Dog Training – Directional Control

Sending dog away in direction indicated by Judge not less than fifty yards, stopping and redirecting not less than twenty yards. This exercise is included in both TD and PD stakes and obviously starts with a send away. At the end of the send away the dog has to be sent to the right or the left according to the judge’s instructions. Gundogs and sheepdogs are taught directional control as a matter of course.

I once had a Border Collie bitch which would do an about turn from left to right or vice versa when swimming a hundred yards away. But both gundogs and sheepdogs have a purpose in changing direction whereas we are teaching a dog to go in the direction we want for no particular reason. Against that you do have the advantage of being able to stop the dog and redirect him with hand signals. A sheepdog must change direction as he runs and once he is ‘on’ his sheep should never take his eye off them.

My wife and I usually teach this exercise with the help of food and many successful gundog trainers do the same. This gives the dog a purpose in going in the direction you want.

Sit the dog in a convenient place and let him see you put out two pieces of food, one to the right and one to the left of him. Now go to a position facing the dog and about five to ten yards from him. From this position encourage the dog to go for the piece of food on the right or left, whichever you say. When he has eaten one piece encourage him to go for the other one. Use ‘ a word of command (Right and Left are as good as any) and simultaneously give a clear signal to the right with the right arm and vice versa. One often sees handlers signalling a dog to the left with the right arm across the body which is very confusing for the dog. If your dog won’t concentrate but simply bolts for the piece of food he fancies put him on a check cord in the early stages.

We also teach our dogs to jump up onto a box, garden seat etc. from varying distances and angles. They quickly learn to move from one to another in response to a hand signal. This is a variation of the circus trainer’s system of having each animal on its own pedestal. The point is that the dog has somewhere to go instead of simply going nowhere. One need not use boxes, mats or pieces of hardboard on the ground will do. Once he has learnt to move in various directions in response to commands and/or hand signals the ‘props’ can be dispensed with. Sometimes we start with the dog on a lead but with some dogs this is unnecessary.

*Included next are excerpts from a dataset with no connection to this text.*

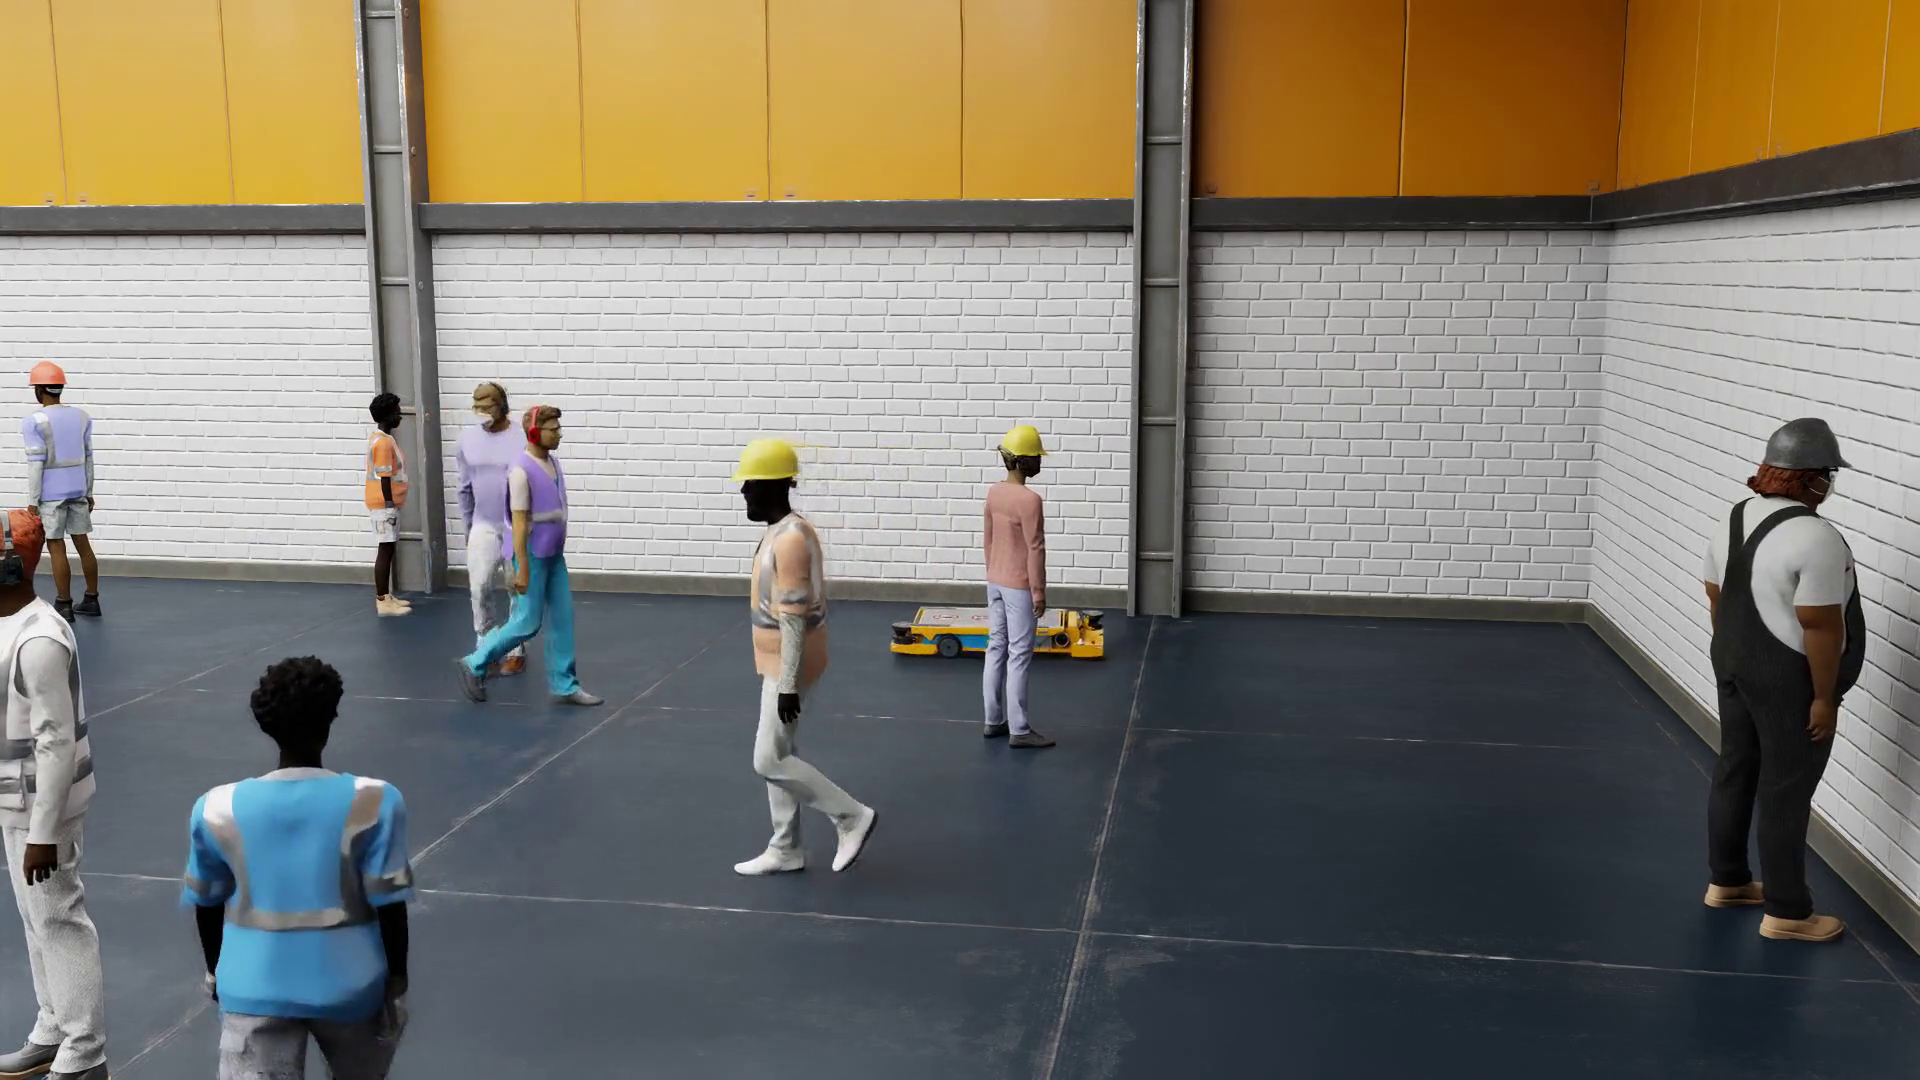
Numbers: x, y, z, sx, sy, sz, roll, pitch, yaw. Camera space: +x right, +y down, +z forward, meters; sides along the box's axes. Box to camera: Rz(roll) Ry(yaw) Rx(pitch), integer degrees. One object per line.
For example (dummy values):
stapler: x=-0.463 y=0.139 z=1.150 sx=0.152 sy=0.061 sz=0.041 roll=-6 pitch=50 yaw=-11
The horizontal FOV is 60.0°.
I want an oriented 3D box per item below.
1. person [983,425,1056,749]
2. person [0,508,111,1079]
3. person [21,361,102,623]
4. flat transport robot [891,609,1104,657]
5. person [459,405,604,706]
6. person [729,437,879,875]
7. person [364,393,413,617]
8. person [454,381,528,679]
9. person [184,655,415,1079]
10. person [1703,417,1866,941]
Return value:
person: x=0.322 y=0.252 z=9.137 sx=0.331 sy=1.767 sz=0.527 roll=-5 pitch=10 yaw=-28
person: x=-2.895 y=0.836 z=5.182 sx=0.356 sy=1.883 sz=0.573 roll=-7 pitch=12 yaw=-38
person: x=-6.697 y=-0.353 z=12.346 sx=0.372 sy=1.935 sz=0.551 roll=4 pitch=10 yaw=22
flat transport robot: x=0.268 y=0.625 z=11.436 sx=1.431 sy=0.197 sz=0.652 roll=1 pitch=9 yaw=4
person: x=-2.573 y=0.103 z=9.885 sx=0.781 sy=1.826 sz=0.576 roll=2 pitch=9 yaw=9
person: x=-0.696 y=0.517 z=7.051 sx=0.535 sy=1.911 sz=0.598 roll=-2 pitch=9 yaw=-11
person: x=-4.332 y=-0.267 z=12.587 sx=0.321 sy=1.689 sz=0.530 roll=-3 pitch=10 yaw=-16
person: x=-2.925 y=-0.053 z=10.580 sx=0.621 sy=1.910 sz=0.608 roll=1 pitch=9 yaw=4
person: x=-1.645 y=1.107 z=4.201 sx=0.553 sy=1.634 sz=0.889 roll=-2 pitch=9 yaw=-13
person: x=3.280 y=0.529 z=6.585 sx=0.536 sy=2.000 sz=0.681 roll=-1 pitch=9 yaw=-9

Another method which I have seen used successfully is to work the dog along a fence or wall. Start with the dog on a lead facing the fence and send him forward. Follow at the end of the lead and, when he reaches the fence (he cannot go any further forward) encourage him to go along the fence to tight or left. As soon as he gets some idea of what is wanted remove the lead. The advantage here is that the dog cannot go forward but having been taught the send away will try to go somewhere. The fence acts as a guide and prevents the dog from wandering off willy-nilly.

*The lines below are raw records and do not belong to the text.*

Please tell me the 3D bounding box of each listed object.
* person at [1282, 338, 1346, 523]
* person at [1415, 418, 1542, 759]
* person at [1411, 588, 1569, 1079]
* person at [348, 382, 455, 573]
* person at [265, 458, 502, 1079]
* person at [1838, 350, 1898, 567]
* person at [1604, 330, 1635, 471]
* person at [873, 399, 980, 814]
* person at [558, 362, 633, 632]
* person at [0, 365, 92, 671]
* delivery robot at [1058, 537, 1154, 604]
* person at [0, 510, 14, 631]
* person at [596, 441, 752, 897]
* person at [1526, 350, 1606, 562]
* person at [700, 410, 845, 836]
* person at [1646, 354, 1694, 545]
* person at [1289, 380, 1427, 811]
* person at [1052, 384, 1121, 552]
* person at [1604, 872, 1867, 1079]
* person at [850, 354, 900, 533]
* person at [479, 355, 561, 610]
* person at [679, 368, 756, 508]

An old gundog trainer once showed me how he taught directional control with three tennis balls and a racket. He sat the dog some distance away facing him. Next he batted one ball straight over the dog’s head. Then he hit the other two balls one to each side of him. He then sent the dog to retrieve, indicating which ball he wanted. Almost invariably the dog will go for the last ball to fall but in the initial stages is always stopped and sent for one of the others. With a keen dog he would use a line to prevent it going for the wrong ball.

As soon as the dog would go for each ball as directed he would go out without the dog, bat out the three balls or even more, then take the dog out and send him in various directions. We have tried this method with several dogs and found that they quickly learn to go in the right directions. It has the advantage that the dog is being rewarded through its instinct (the greatest reward of all) and therefore puts some enthusiasm into it. It is also an excellent test of control. The disadvantage for Working Trials could be that some dogs might tend to go out with their noses down searching for a ball.

Most people use hand signals in directional control although most dogs will just as readily respond to words of command. For sheepdog Trial work hand signals are never used, although most shepherds use them in practical work. In giving hand signals remember to make them clear to an animal much nearer the ground than you. Use the right and left arms for right and left signals and never cross the arm over the body.